= Liselotte Selbiger =

Elisabeth Charlotte Ida (Liselotte) Selbiger (1906–2008) was a German-born Danish musician who initially performed in chamber music and played the cello in a Berlin orchestra. Instructed by the Polish celebrity Wanda Landowska, she later specialized in the harpsichord, especially the music of J. S. Bach. As she was of Jewish ancestry, she had to leave Germany during the Nazi era, first moving to Denmark and later to Sweden. After the war she returned to Denmark where she was responsible for reviving interest in the harpsichord.

==Early life and family==
Born on 23 August 1906 in Berlin, Elisabeth Charlotte Ida Selbiger was the daughter of the notary Leo Selbiger (1875–1942) and his wife the artist Helene née Cohn (1883–1942). She was the family's only child. From an early age, she learnt to play the piano and the cello. She graduated as a music teacher from the Hochschule für Musik in 1933 after becoming a private student of Leonid Kreutzer. She then studied the harpsichord under Carl Bittner.

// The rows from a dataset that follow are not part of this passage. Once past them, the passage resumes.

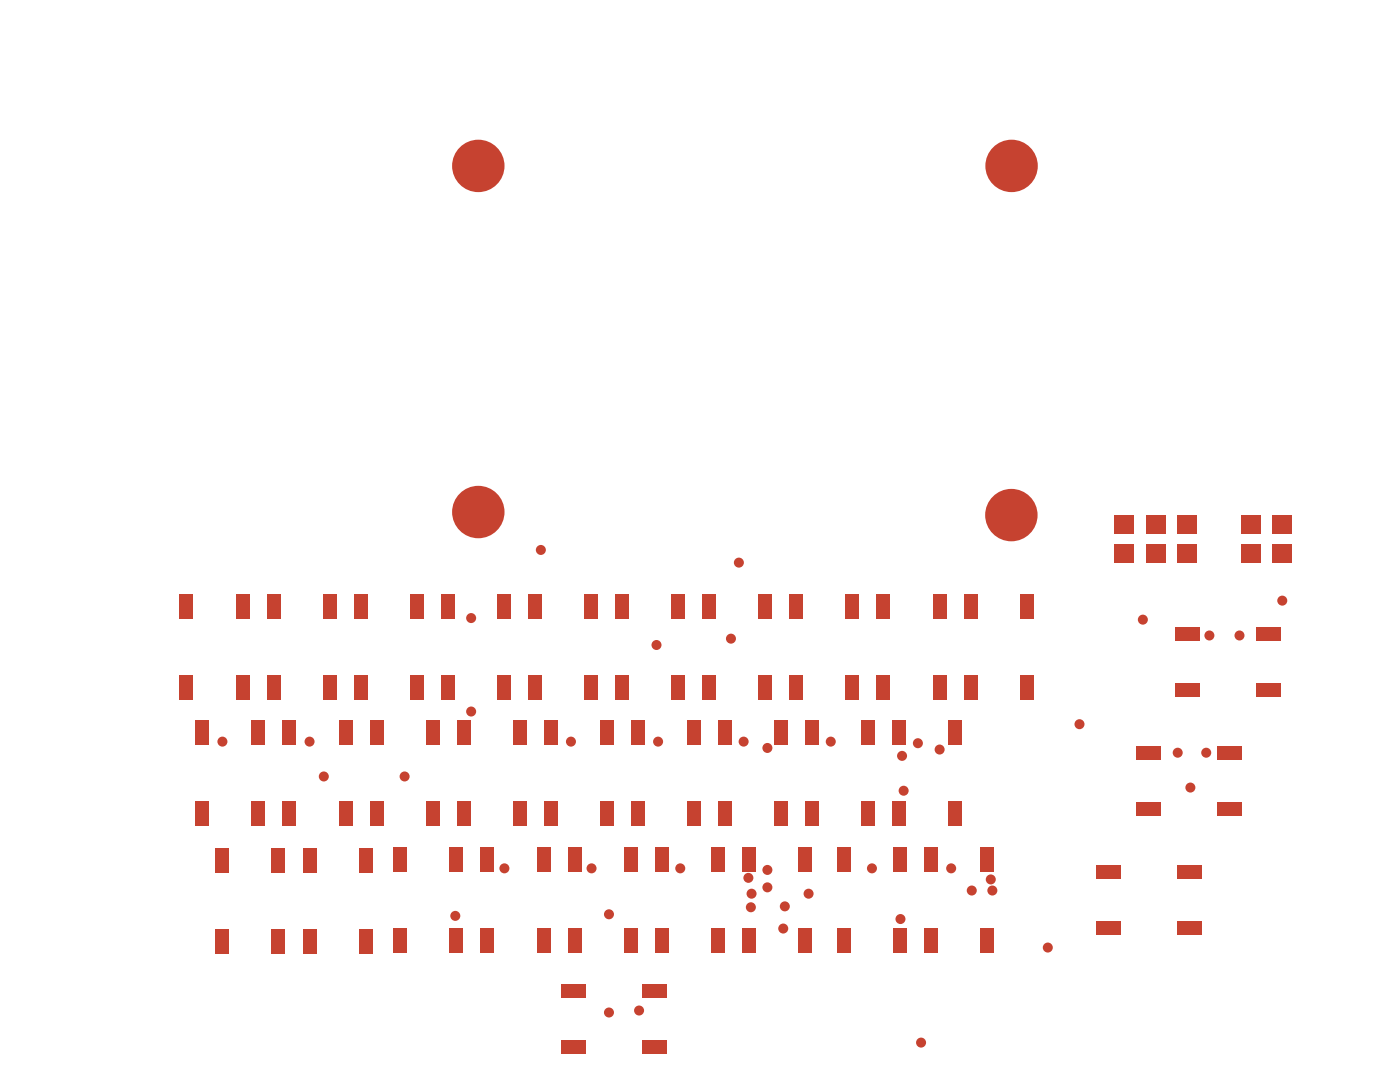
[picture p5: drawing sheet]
<svg xmlns="http://www.w3.org/2000/svg" width="279mm" height="216mm" viewBox="0 0 279 216" stroke-linecap="round" stroke-linejoin="round" font-family="sans-serif">
<g fill="#c64230">
<circle cx="80.7" cy="154.9" r="1"/>
<circle cx="64.6" cy="154.9" r="1"/>
<circle cx="107.9" cy="109.7" r="1"/>
<circle cx="183.8" cy="208" r="1"/>
<circle cx="145.9" cy="127.4" r="1"/>
<circle cx="131" cy="128.7" r="1"/>
<circle cx="150" cy="178.3" r="1"/>
<circle cx="113.9" cy="148" r="1"/>
<circle cx="61.8" cy="148" r="1"/>
<circle cx="174" cy="173.3" r="1"/>
<circle cx="201.8" cy="102.8" r="5.2"/>
<circle cx="201.9" cy="33.1" r="5.2"/>
<circle cx="95.5" cy="33.1" r="5.2"/>
<circle cx="95.5" cy="102.2" r="5.2"/>
<circle cx="237.6" cy="157.1" r="1"/>
<circle cx="183.2" cy="148.3" r="1"/>
<circle cx="165.8" cy="148" r="1"/>
<circle cx="135.8" cy="173.3" r="1"/>
<circle cx="118.1" cy="173.3" r="1"/>
<circle cx="240.7" cy="150.2" r="1"/>
<circle cx="235" cy="150.2" r="1"/>
<circle cx="131.3" cy="148" r="1"/>
<circle cx="148.4" cy="148" r="1"/>
<circle cx="44.4" cy="148" r="1"/>
<circle cx="100.7" cy="173.3" r="1"/>
<circle cx="153.2" cy="149.2" r="1"/>
<circle cx="189.8" cy="173.3" r="1"/>
<circle cx="121.5" cy="202" r="1"/>
<circle cx="121.5" cy="182.4" r="1"/>
<circle cx="247.4" cy="126.8" r="1"/>
<circle cx="241.4" cy="126.8" r="1"/>
<circle cx="187.5" cy="149.6" r="1"/>
<circle cx="156.3" cy="185.3" r="1"/>
<circle cx="179.7" cy="183.4" r="1"/>
<circle cx="193.9" cy="177.7" r="1"/>
<circle cx="198" cy="177.7" r="1"/>
<circle cx="180" cy="150.8" r="1"/>
<circle cx="94" cy="142" r="1"/>
<circle cx="94" cy="123.3" r="1"/>
<circle cx="153.2" cy="177.1" r="1"/>
<circle cx="149.4" cy="175.2" r="1"/>
<circle cx="156.6" cy="180.9" r="1"/>
<circle cx="149.9" cy="181" r="1"/>
<circle cx="153.2" cy="173.6" r="1"/>
<circle cx="161.4" cy="178.3" r="1"/>
<circle cx="230.9" cy="104.7" r="1"/>
<circle cx="236.9" cy="104.7" r="1"/>
<circle cx="224.3" cy="104.7" r="1"/>
<circle cx="147.5" cy="112.3" r="1"/>
<circle cx="255.9" cy="110.4" r="1"/>
<circle cx="255.9" cy="104.7" r="1"/>
<circle cx="255.9" cy="119.9" r="1"/>
<circle cx="249.6" cy="104.7" r="1"/>
<circle cx="215.4" cy="144.5" r="1"/>
<circle cx="90.9" cy="182.8" r="1"/>
<circle cx="180.3" cy="157.8" r="1"/>
<circle cx="197.7" cy="175.5" r="1"/>
<circle cx="209.1" cy="189.1" r="1"/>
<circle cx="228.1" cy="123.6" r="1"/>
<circle cx="127.5" cy="201.6" r="1"/>
</g>
<g fill="#c64230">
<path d="M222.3 108.5h4v3.7h-4z" fill-rule="evenodd"/>
<path d="M222.3 102.8h4v3.7h-4z" fill-rule="evenodd"/>
<path d="M247.6 108.5h4v3.7h-4z" fill-rule="evenodd"/>
<path d="M247.6 102.8h4v3.7h-4z" fill-rule="evenodd"/>
<path d="M35.8 134.6h2.8v5h-2.8z" fill-rule="evenodd"/>
<path d="M35.8 118.5h2.8v4.9h-2.8z" fill-rule="evenodd"/>
<path d="M50.2 159.9h2.7v5h-2.7z" fill-rule="evenodd"/>
<path d="M50.2 143.7h2.7v5h-2.7z" fill-rule="evenodd"/>
<path d="M56.4 159.9h2.7v5h-2.7z" fill-rule="evenodd"/>
<path d="M56.4 143.7h2.7v5h-2.7z" fill-rule="evenodd"/>
<path d="M60.4 185.4h2.7v4.9h-2.7z" fill-rule="evenodd"/>
<path d="M71.6 185.4h2.7v4.9h-2.7z" fill-rule="evenodd"/>
<path d="M70.6 134.6h2.7v5h-2.7z" fill-rule="evenodd"/>
<path d="M70.6 118.5h2.7v4.9h-2.7z" fill-rule="evenodd"/>
<path d="M81.8 134.6h2.7v5h-2.7z" fill-rule="evenodd"/>
<path d="M81.8 118.5h2.7v4.9h-2.7z" fill-rule="evenodd"/>
<path d="M91.2 159.9h2.7v5h-2.7z" fill-rule="evenodd"/>
<path d="M91.2 143.7h2.7v5h-2.7z" fill-rule="evenodd"/>
<path d="M95.9 185.2h2.7v4.9h-2.7z" fill-rule="evenodd"/>
<path d="M102.4 159.9h2.7v5h-2.7z" fill-rule="evenodd"/>
<path d="M102.4 143.7h2.7v5h-2.7z" fill-rule="evenodd"/>
<path d="M107.1 185.2h2.7v4.9h-2.7z" fill-rule="evenodd"/>
<path d="M116.6 134.6h2.7v5h-2.7z" fill-rule="evenodd"/>
<path d="M116.6 118.5h2.7v4.9h-2.7z" fill-rule="evenodd"/>
<path d="M122.8 134.6h2.7v5h-2.7z" fill-rule="evenodd"/>
<path d="M122.8 118.5h2.7v4.9h-2.7z" fill-rule="evenodd"/>
<path d="M126 159.9h2.7v5h-2.7z" fill-rule="evenodd"/>
<path d="M126 143.7h2.7v5h-2.7z" fill-rule="evenodd"/>
<path d="M137.2 159.9h2.7v5h-2.7z" fill-rule="evenodd"/>
<path d="M137.2 143.7h2.7v5h-2.7z" fill-rule="evenodd"/>
<path d="M141.9 185.2h2.7v4.9h-2.7z" fill-rule="evenodd"/>
<path d="M148.1 185.2h2.7v4.9h-2.7z" fill-rule="evenodd"/>
<path d="M151.4 134.6h2.7v5h-2.7z" fill-rule="evenodd"/>
<path d="M151.4 118.5h2.7v4.9h-2.7z" fill-rule="evenodd"/>
<path d="M157.6 134.6h2.7v5h-2.7z" fill-rule="evenodd"/>
<path d="M157.6 118.5h2.7v4.9h-2.7z" fill-rule="evenodd"/>
<path d="M167.1 185.2h2.7v4.9h-2.7z" fill-rule="evenodd"/>
<path d="M171.9 159.9h2.8v5h-2.8z" fill-rule="evenodd"/>
<path d="M171.9 143.7h2.8v5h-2.8z" fill-rule="evenodd"/>
<path d="M178.3 185.2h2.7v4.9h-2.7z" fill-rule="evenodd"/>
<path d="M178.1 159.9h2.7v5h-2.7z" fill-rule="evenodd"/>
<path d="M178.1 143.7h2.7v5h-2.7z" fill-rule="evenodd"/>
<path d="M192.4 134.6h2.7v5h-2.7z" fill-rule="evenodd"/>
<path d="M192.4 118.5h2.7v4.9h-2.7z" fill-rule="evenodd"/>
<path d="M203.6 134.6h2.7v5h-2.7z" fill-rule="evenodd"/>
<path d="M203.6 118.5h2.7v4.9h-2.7z" fill-rule="evenodd"/>
<path d="M60.4 169.2h2.7v5h-2.7z" fill-rule="evenodd"/>
<path d="M71.6 169.2h2.7v5h-2.7z" fill-rule="evenodd"/>
<path d="M95.9 169h2.7v5h-2.7z" fill-rule="evenodd"/>
<path d="M107.1 169h2.7v5h-2.7z" fill-rule="evenodd"/>
<path d="M141.9 169h2.7v5h-2.7z" fill-rule="evenodd"/>
<path d="M148.1 169h2.7v5h-2.7z" fill-rule="evenodd"/>
<path d="M167.1 169h2.7v5h-2.7z" fill-rule="evenodd"/>
<path d="M178.3 169h2.7v5h-2.7z" fill-rule="evenodd"/>
<path d="M218.8 183.8h4.9v2.7h-4.9z" fill-rule="evenodd"/>
<path d="M226.7 160.1h4.9v2.7h-4.9z" fill-rule="evenodd"/>
<path d="M226.7 148.9h4.9v2.7h-4.9z" fill-rule="evenodd"/>
<path d="M228.6 108.5h4v3.7h-4z" fill-rule="evenodd"/>
<path d="M228.6 102.8h4v3.7h-4z" fill-rule="evenodd"/>
<path d="M235 183.8h4.9v2.7h-4.9z" fill-rule="evenodd"/>
<path d="M242.9 160.1h4.9v2.7h-4.9z" fill-rule="evenodd"/>
<path d="M242.9 148.9h4.9v2.7h-4.9z" fill-rule="evenodd"/>
<path d="M234.6 125.2h4.9v2.7h-4.9z" fill-rule="evenodd"/>
<path d="M234.9 108.5h4v3.7h-4z" fill-rule="evenodd"/>
<path d="M234.9 102.8h4v3.7h-4z" fill-rule="evenodd"/>
<path d="M42.9 185.4h2.7v4.9h-2.7z" fill-rule="evenodd"/>
<path d="M39 159.9h2.7v5h-2.7z" fill-rule="evenodd"/>
<path d="M47.1 134.6h2.7v5h-2.7z" fill-rule="evenodd"/>
<path d="M39 143.7h2.7v5h-2.7z" fill-rule="evenodd"/>
<path d="M47.1 118.5h2.7v4.9h-2.7z" fill-rule="evenodd"/>
<path d="M54.1 185.4h2.7v4.9h-2.7z" fill-rule="evenodd"/>
<path d="M67.6 159.9h2.7v5h-2.7z" fill-rule="evenodd"/>
<path d="M53.2 134.6h2.8v5h-2.8z" fill-rule="evenodd"/>
<path d="M64.4 134.6h2.8v5h-2.8z" fill-rule="evenodd"/>
<path d="M67.6 143.7h2.7v5h-2.7z" fill-rule="evenodd"/>
<path d="M53.2 118.5h2.8v4.9h-2.8z" fill-rule="evenodd"/>
<path d="M64.4 118.5h2.8v4.9h-2.8z" fill-rule="evenodd"/>
<path d="M78.5 185.2h2.7v4.9h-2.7z" fill-rule="evenodd"/>
<path d="M89.7 185.2h2.8v4.9h-2.8z" fill-rule="evenodd"/>
<path d="M73.8 159.9h2.7v5h-2.7z" fill-rule="evenodd"/>
<path d="M85 159.9h2.7v5h-2.7z" fill-rule="evenodd"/>
<path d="M88 134.6h2.7v5h-2.7z" fill-rule="evenodd"/>
<path d="M73.8 143.7h2.7v5h-2.7z" fill-rule="evenodd"/>
<path d="M85 143.7h2.7v5h-2.7z" fill-rule="evenodd"/>
<path d="M88 118.5h2.7v4.9h-2.7z" fill-rule="evenodd"/>
<path d="M108.6 159.9h2.7v5h-2.7z" fill-rule="evenodd"/>
<path d="M105.4 134.6h2.7v5h-2.7z" fill-rule="evenodd"/>
<path d="M99.2 134.6h2.7v5h-2.7z" fill-rule="evenodd"/>
<path d="M108.6 143.7h2.7v5h-2.7z" fill-rule="evenodd"/>
<path d="M105.4 118.5h2.7v4.9h-2.7z" fill-rule="evenodd"/>
<path d="M99.2 118.5h2.7v4.9h-2.7z" fill-rule="evenodd"/>
<path d="M128.1 207.5h4.9v2.8h-4.9z" fill-rule="evenodd"/>
<path d="M128.1 196.3h4.9v2.8h-4.9z" fill-rule="evenodd"/>
<path d="M113.3 185.2h2.7v4.9h-2.7z" fill-rule="evenodd"/>
<path d="M124.5 185.2h2.7v4.9h-2.7z" fill-rule="evenodd"/>
<path d="M119.8 159.9h2.7v5h-2.7z" fill-rule="evenodd"/>
<path d="M119.8 143.7h2.7v5h-2.7z" fill-rule="evenodd"/>
<path d="M143.3 159.9h2.8v5h-2.8z" fill-rule="evenodd"/>
<path d="M134 134.6h2.7v5h-2.7z" fill-rule="evenodd"/>
<path d="M140.2 134.6h2.7v5h-2.7z" fill-rule="evenodd"/>
<path d="M143.3 143.7h2.8v5h-2.8z" fill-rule="evenodd"/>
<path d="M134 118.5h2.7v4.9h-2.7z" fill-rule="evenodd"/>
<path d="M140.2 118.5h2.7v4.9h-2.7z" fill-rule="evenodd"/>
<path d="M159.3 185.2h2.7v4.9h-2.7z" fill-rule="evenodd"/>
<path d="M160.7 159.9h2.8v5h-2.8z" fill-rule="evenodd"/>
<path d="M154.5 159.9h2.8v5h-2.8z" fill-rule="evenodd"/>
<path d="M160.7 143.7h2.8v5h-2.8z" fill-rule="evenodd"/>
<path d="M154.5 143.7h2.8v5h-2.8z" fill-rule="evenodd"/>
<path d="M168.8 134.6h2.7v5h-2.7z" fill-rule="evenodd"/>
<path d="M168.8 118.5h2.7v4.9h-2.7z" fill-rule="evenodd"/>
<path d="M184.4 185.2h2.8v4.9h-2.8z" fill-rule="evenodd"/>
<path d="M189.3 159.9h2.7v5h-2.7z" fill-rule="evenodd"/>
<path d="M175 134.6h2.7v5h-2.7z" fill-rule="evenodd"/>
<path d="M186.2 134.6h2.7v5h-2.7z" fill-rule="evenodd"/>
<path d="M189.3 143.7h2.7v5h-2.7z" fill-rule="evenodd"/>
<path d="M175 118.5h2.7v4.9h-2.7z" fill-rule="evenodd"/>
<path d="M186.2 118.5h2.7v4.9h-2.7z" fill-rule="evenodd"/>
<path d="M195.6 185.2h2.8v4.9h-2.8z" fill-rule="evenodd"/>
<path d="M218.8 172.6h4.9v2.7h-4.9z" fill-rule="evenodd"/>
<path d="M235 172.6h4.9v2.7h-4.9z" fill-rule="evenodd"/>
<path d="M234.6 136.4h4.9v2.7h-4.9z" fill-rule="evenodd"/>
<path d="M42.9 169.2h2.7v5h-2.7z" fill-rule="evenodd"/>
<path d="M54.1 169.2h2.7v5h-2.7z" fill-rule="evenodd"/>
<path d="M78.5 169h2.7v5h-2.7z" fill-rule="evenodd"/>
<path d="M89.7 169h2.8v5h-2.8z" fill-rule="evenodd"/>
<path d="M113.3 169h2.7v5h-2.7z" fill-rule="evenodd"/>
<path d="M124.5 169h2.7v5h-2.7z" fill-rule="evenodd"/>
<path d="M159.3 169h2.7v5h-2.7z" fill-rule="evenodd"/>
<path d="M184.4 169h2.8v5h-2.8z" fill-rule="evenodd"/>
<path d="M195.6 169h2.8v5h-2.8z" fill-rule="evenodd"/>
<path d="M250.8 125.2h4.9v2.7h-4.9z" fill-rule="evenodd"/>
<path d="M253.9 108.5h4v3.7h-4z" fill-rule="evenodd"/>
<path d="M253.9 102.8h4v3.7h-4z" fill-rule="evenodd"/>
<path d="M111.9 207.5h5v2.8h-5z" fill-rule="evenodd"/>
<path d="M111.9 196.3h5v2.8h-5z" fill-rule="evenodd"/>
<path d="M130.7 185.2h2.7v4.9h-2.7z" fill-rule="evenodd"/>
<path d="M250.8 136.4h4.9v2.7h-4.9z" fill-rule="evenodd"/>
<path d="M130.7 169h2.7v5h-2.7z" fill-rule="evenodd"/>
</g>
</svg>

In 1930, she married the music historian Herbert Adolf Friedrich Rosenberg (1904–1984). The marriage was dissolved in 1940. In August 1940, she married the bank manager Carsten Johannes Gottlieb (1914–1983). The marriage was dissolved in 1950.

==Career==
While in Berlin, Selbiger played the cello in both in chamber music and in orchestras, both with her father and her husband. In particular, she performed in the amateur Ärzteorchester together with Albert Einstein who played the viola.

Selbiger who was of Jewish ancestry, was told in 1935 that she could no longer work as a music teacher. After her half-Jewish husband also lost his job, the couple moved to Denmark but experienced difficulty in obtaining residency permits. Nevertheless, Selbiger began to develop her career playing the harpsichord, which had only recently been reintroduced in Denmark. For many years, Selbiger was the only musician to devote herself to the instrument. In 1938, she went to Paris where she studied under the celebrated Wanda Landowska. She gave her first concert in Copenhagen in 1939 but had to flee to Sweden under the German occupation. There she gave many concerts including one in the Drottningholm Palace Theatre. At the end of the war, she was able to return to Denmark.

Until the mid-1970s, she performed in concerts, gave lectures and made recordings, specializing in Bach's music. She was frequently a soloist in radio broadcasts, sometimes playing Bach's The Well-Tempered Clavier. In addition to Bach, she also played compositions by Domenico Scarlatti, François Couperin and Jean-Philippe Rameau. Selbiger also proved to be a competent conductor until she had to retire as a result of illness.

According to Dansk Kvindebiografisk Leksikon, Liselotte Selbiger died in 2008. Berlingske reported in February 2009 that she was 101 years old when she died in early 2008 and that she had left a fortune to the Danish Ornithological Society to be used for bird care.